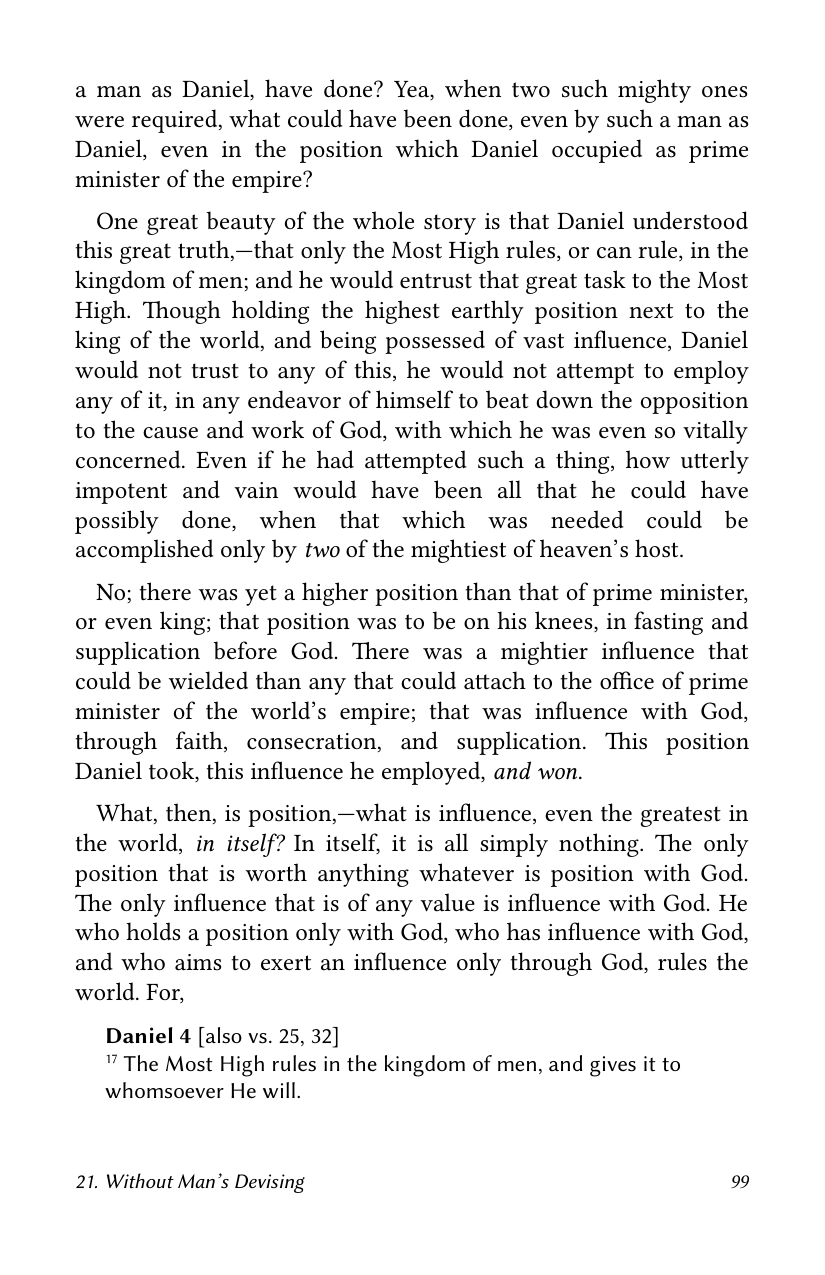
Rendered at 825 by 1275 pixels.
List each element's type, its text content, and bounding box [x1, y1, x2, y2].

text No; there was yet a higher position than that of prime minister, or even king; that position was to be on his knees, in fasting and supplication before God. There was a mightier influence that could be wielded than any that could attach to the office of prime minister of the world’s empire; that was influence with God, through faith, consecration, and supplication. This position Daniel took, this influence he employed, and won. [75, 577, 750, 785]
text a man as Daniel, have done? Yea, when two such mighty ones were required, what could have been done, even by such a man as Daniel, even in the position which Daniel occupied as prime minister of the empire? [75, 75, 750, 193]
text Daniel 4 [also vs. 25, 32] [105, 1023, 750, 1049]
text 17 The Most High rules in the kingdom of men, and gives it to whomsoever He will. [105, 1051, 720, 1104]
text What, then, is position,—what is influence, even the greatest in the world, in itself? In itself, it is all simply nothing. The only position that is worth anything whatever is position with God. The only influence that is of any value is influence with God. He who holds a position only with God, who has influence with God, and who aims to exert an influence only through God, rules the world. For, [75, 799, 750, 1007]
text One great beauty of the whole story is that Daniel understood this great truth,—that only the Most High rules, or can rule, in the kingdom of men; and he would entrust that great task to the Most High. Though holding the highest earthly position next to the king of the world, and being possessed of vast influence, Daniel would not trust to any of this, he would not attempt to employ any of it, in any endeavor of himself to beat down the opposition to the cause and work of God, with which he was even so vitally concerned. Even if he had attempted such a thing, how utterly impotent and vain would have been all that he could have possibly done, when that which was needed could be accomplished only by two of the mightiest of heaven’s host. [75, 207, 750, 564]
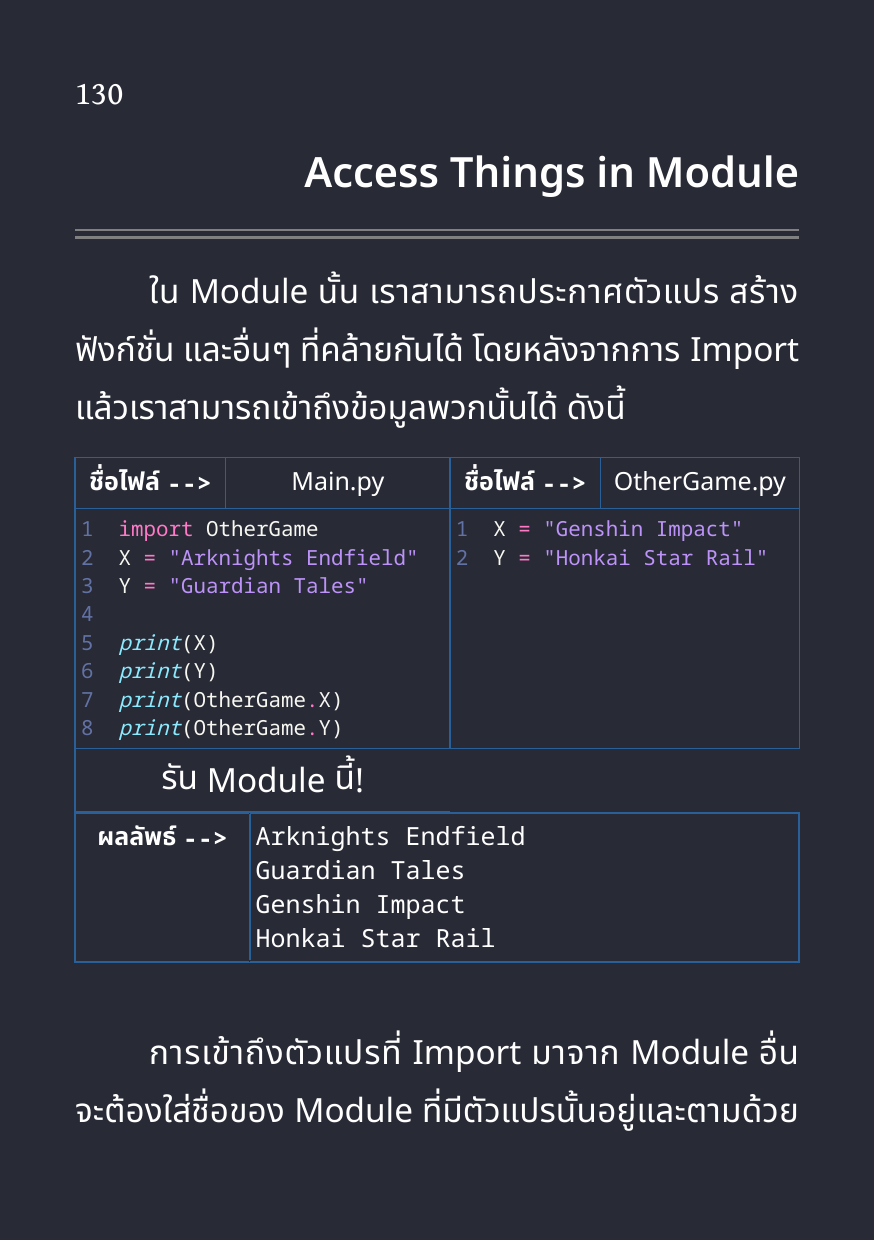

════

### TASK DETAILS
Retype the records above exactly, and keep any picture out of what you write.

### EXERCISE ANSWER
Rendered at 825 by 1275 pixels.
List each element's type, its text content, and bounding box [x1, y1, x2, y2].

text No; there was yet a higher position than that of prime minister, or even king; that position was to be on his knees, in fasting and supplication before God. There was a mightier influence that could be wielded than any that could attach to the office of prime minister of the world’s empire; that was influence with God, through faith, consecration, and supplication. This position Daniel took, this influence he employed, and won. [75, 577, 750, 785]
text a man as Daniel, have done? Yea, when two such mighty ones were required, what could have been done, even by such a man as Daniel, even in the position which Daniel occupied as prime minister of the empire? [75, 75, 750, 193]
text Daniel 4 [also vs. 25, 32] [105, 1023, 750, 1049]
text 17 The Most High rules in the kingdom of men, and gives it to whomsoever He will. [105, 1051, 720, 1104]
text What, then, is position,—what is influence, even the greatest in the world, in itself? In itself, it is all simply nothing. The only position that is worth anything whatever is position with God. The only influence that is of any value is influence with God. He who holds a position only with God, who has influence with God, and who aims to exert an influence only through God, rules the world. For, [75, 799, 750, 1007]
text One great beauty of the whole story is that Daniel understood this great truth,—that only the Most High rules, or can rule, in the kingdom of men; and he would entrust that great task to the Most High. Though holding the highest earthly position next to the king of the world, and being possessed of vast influence, Daniel would not trust to any of this, he would not attempt to employ any of it, in any endeavor of himself to beat down the opposition to the cause and work of God, with which he was even so vitally concerned. Even if he had attempted such a thing, how utterly impotent and vain would have been all that he could have possibly done, when that which was needed could be accomplished only by two of the mightiest of heaven’s host. [75, 207, 750, 564]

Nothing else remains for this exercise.